Bible commentator and master preacher, Fred Craddock suggests that in reality the Pharisee is not a horrible villain, nor is the tax collector a perfect hero. Despite his arrogance, the Pharisee is, in fact, a pillar of the community, faithful and dependable. His problem is that his prayer and his life are out of sync. It is the same with the tax collector: While his prayer for mercy is in the best spirit of the Psalter’s psalms of penitence, his life is not. He likely continues to collect taxes, he cooperates with a cruel and oppressive government. Neither character can be absolutely embraced or dismissed. Each simply shows us a side of our selves that needs integration.
There is something of these characters in all of us. In order for us to reduce our spiritual split personalities, serious prayer will be necessary—prayer that is honest, prayer that does not separate us from the world but plunges us heart first into the world so that our generosity can make a difference.
Deitrich Bonhoeffer was a Lutheran pastor in Germany during the rise of Nazism. He was a resister in the Confessing Church movement and because of his alleged involvement in a failed attempt to assassinate Hitler, served more than three years in Tegel prison before his eventual execution in a concentration camp at Flossenburg.
While he was in jail, he wrote prayers, papers, and letters, which were preserved and later published. The letters and papers express his utter disbelief in the powers of evil in the world; his anger, grief, sadness in knowing that millions of Jews were being carted into camps and gassed while the apathetic Christian world looked on. Less than a year before his execution, on Christmas morning, 1943, he wrote this prayer…that I have been praying this week:
O God, early in the morning I cry to you.
Help me to pray.
And to concentrate my thoughts on you;
I cannot do this alone.
In me there is darkness,
But with you there is light;
I am lonely, but you do not leave me;
I am feeble in heart, but with you there is help’

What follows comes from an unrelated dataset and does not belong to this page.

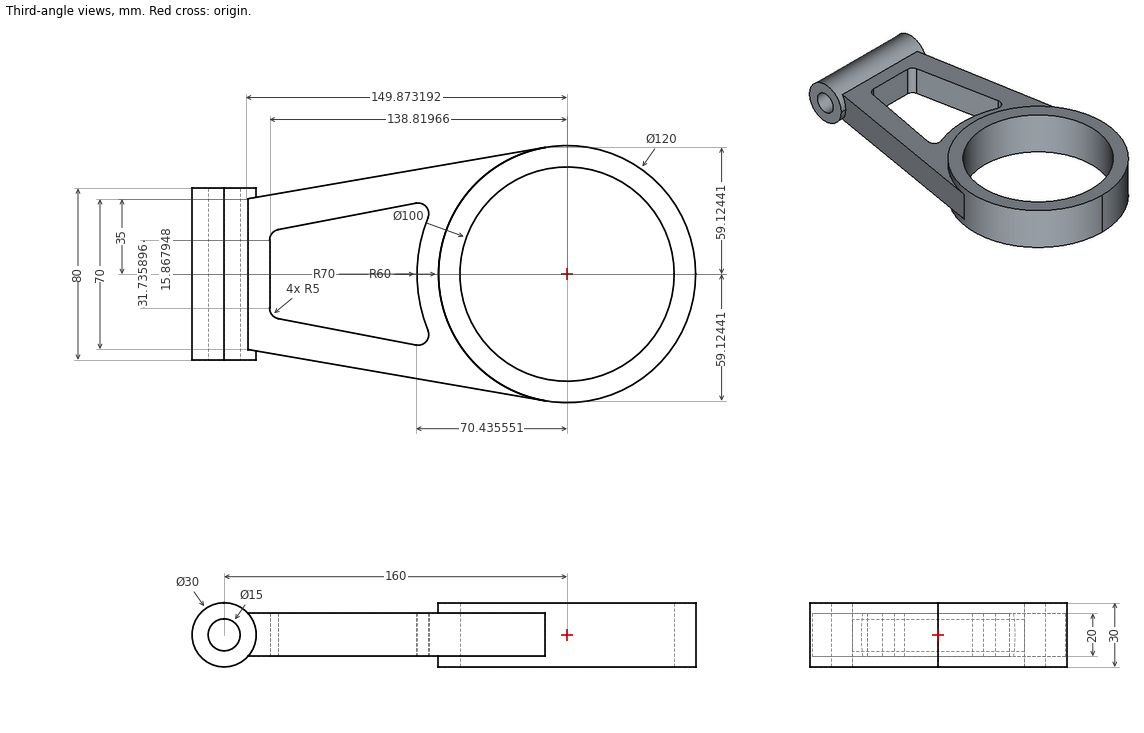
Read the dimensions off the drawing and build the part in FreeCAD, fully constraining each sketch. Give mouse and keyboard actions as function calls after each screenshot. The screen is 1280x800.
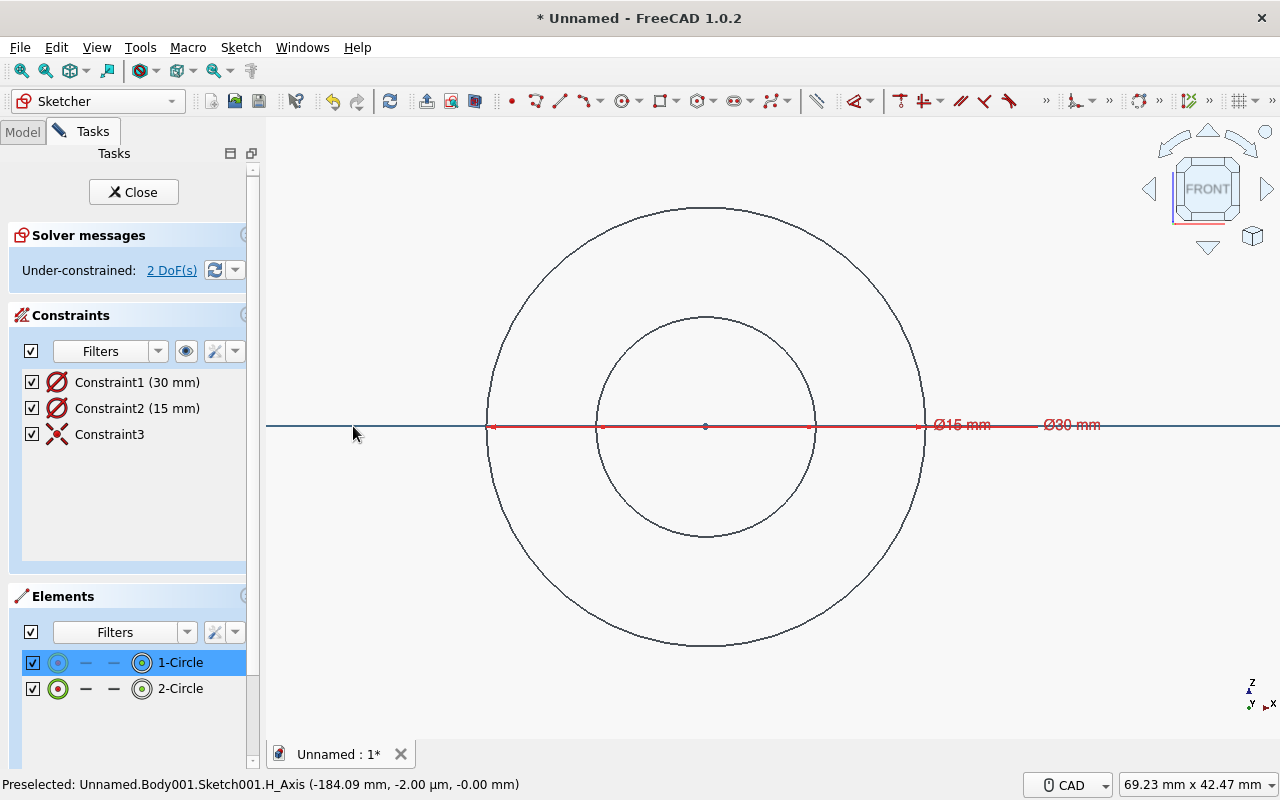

I am restless, but with you there is peace;
In me there is bitterness, but with you there is peace;
I do not understand your ways,
But you know the way for me…
O Merciful God,
Forgive me all the sins that I have committed
against you and against my fellow men.
I trust in your grace and commit my life wholly into your hands.
Do with me according to your will
and as is best for me.
Whether I live or die, I am with you,
and you, my God are with me.
Lord, I wait for your salvation
And for your kingdom.
Amen.
That’s the prayer of a man who knows that the discernment of God’s will begins with a humble confession and the surrender of his own pride. Generosity is not a virtue that we cultivate but rather a gift that we receive when our hearts are made pure through God’s gracious forgiveness.
“God, be merciful to me, a sinner.” Amen.